2. Description of the Related Art
An image forming apparatus represented by a laser beam printer apparatus includes an optical unit for supplying a laser beam having a desired beam spot size to a recording medium.
In the optical unit, a light beam emitted from a laser element serving as a light source is converted through a first optical system to a parallel beam or a convergent beam having a desired beam spot size. The light beam with the desired beam spot size is deflected by an optical deflector. The beam spot size of the deflected light beam is adjusted by a second optical system to a beam spot size suitable for use in a printer apparatus, and the light beam is focused on the recording medium.

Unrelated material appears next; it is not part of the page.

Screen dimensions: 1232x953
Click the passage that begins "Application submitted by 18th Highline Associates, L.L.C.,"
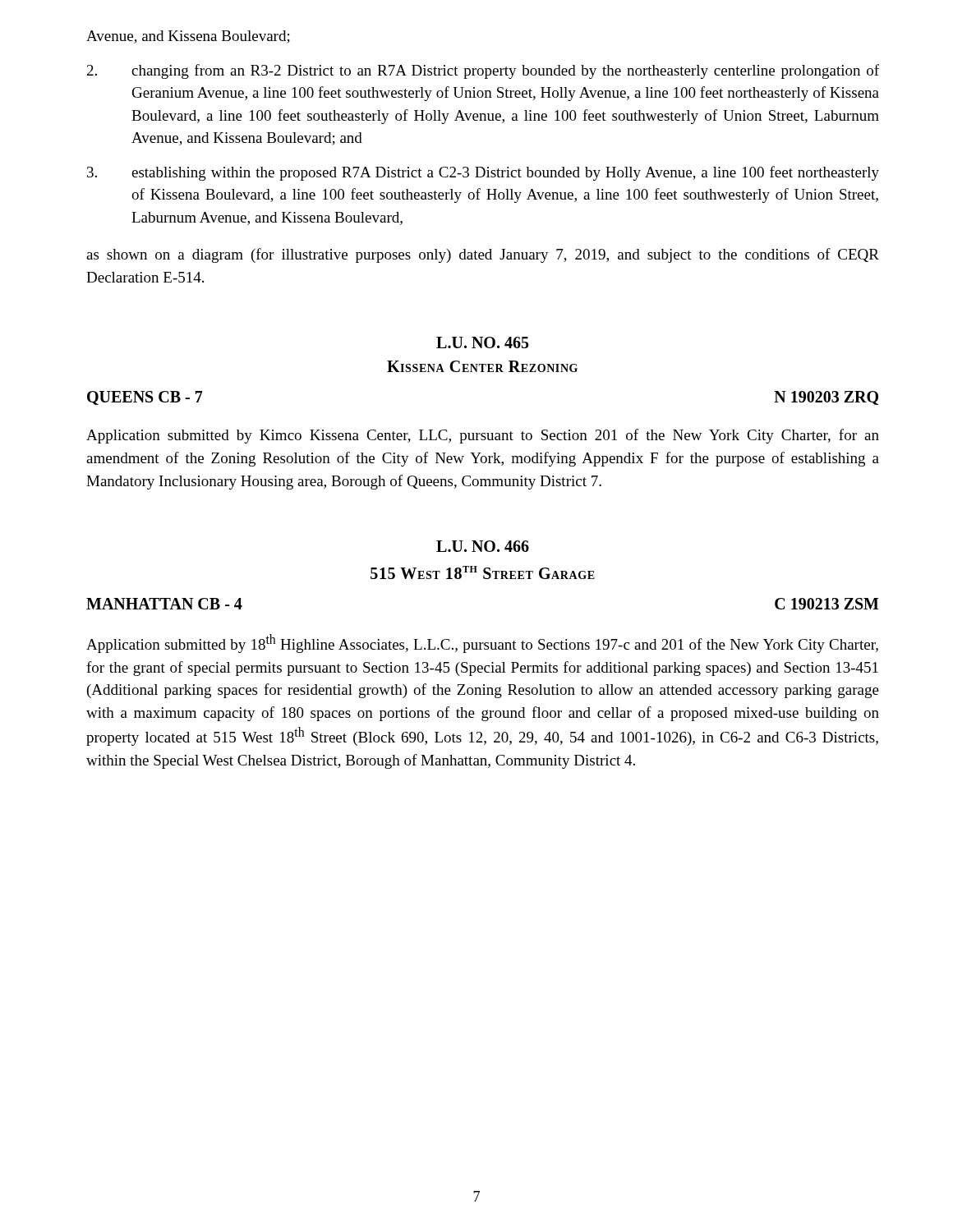point(483,701)

The first optical system has, in combination, an aspherical glass lens, plastic lens, etc., for changing the beam spot size of the light beam traveling from the laser to the deflector to a desired size. The aspherical glass lens and plastic lens are integrally assembled via a support member such as a lens barrel. The deflector has a reflecting mirror(s) or polygonal mirror which has a flat surface or curved surface and is rotated by a motor, etc. The second optical system includes an f.theta. lens for making the rotation angle of the mirror proportional to the distance from the optical axis center in the main scan direction of the light beam focused on the recording medium or photoconductor, with respect to the light beam traveling from the optical deflector to the photoconductor.
In the optical unit, in order to keep an optimum beam spot size of the light beam traveling from the laser to the deflector, at least one of the lenses of the first optical system is designed to be movable along the optical axis. In this case, the movable lens is moved along the optical axis, thereby maintaining an optimum beam spot size.
There is a case where at least one lens (a glass lens in general) of the first optical system and the laser element are arranged integrally via a lens barrel. In this case, the beam spot size of the light beam is not easily affected by a variation in temperature or humidity.
On the other hand, the lens barrel is generally secured, via a leaf spring and screw, to a holding member for securing the base or lens barrel of the optical unit.
However, since at least one lens (or lens barrel) of the first optical system is movable, the position of the lens (in particular the lens barrel) may be displaced when slight vibration or shock acts on either the lens barrel or optical unit or when the printer apparatus is moved roughly. This poses a serious problem in maintaining the optimal beam spot size.
Even where the lens barrel (lens) is fixed, for example, to the leaf spring by an adhesive, if the urging force of the leaf spring upon the lens barrel is strong, the lens barrel may be displaced by the urging force of the leaf spring. In addition, when the amount of the adhesive is small, the lens barrel may easily be affected by vibration or shock.
The displacement of the fixed lens (in particular the lens barrel) causes, for example, a decrease in resolution of output characters or figures, deformation of characters or distortion of figures, when the optical unit is built in the printer apparatus. In addition, when the position of the lens barrel is displaced, the optical unit, in usual cases, must be re-assembled by using many checking devices. As a result, the printer apparatus cannot be used for a long time. In the case where the optical unit is replaced, instead of re-assembling the optical unit, the cost of outputs (hard copies) obtained by the printer apparatus increases remarkably since the optical unit is very expensive.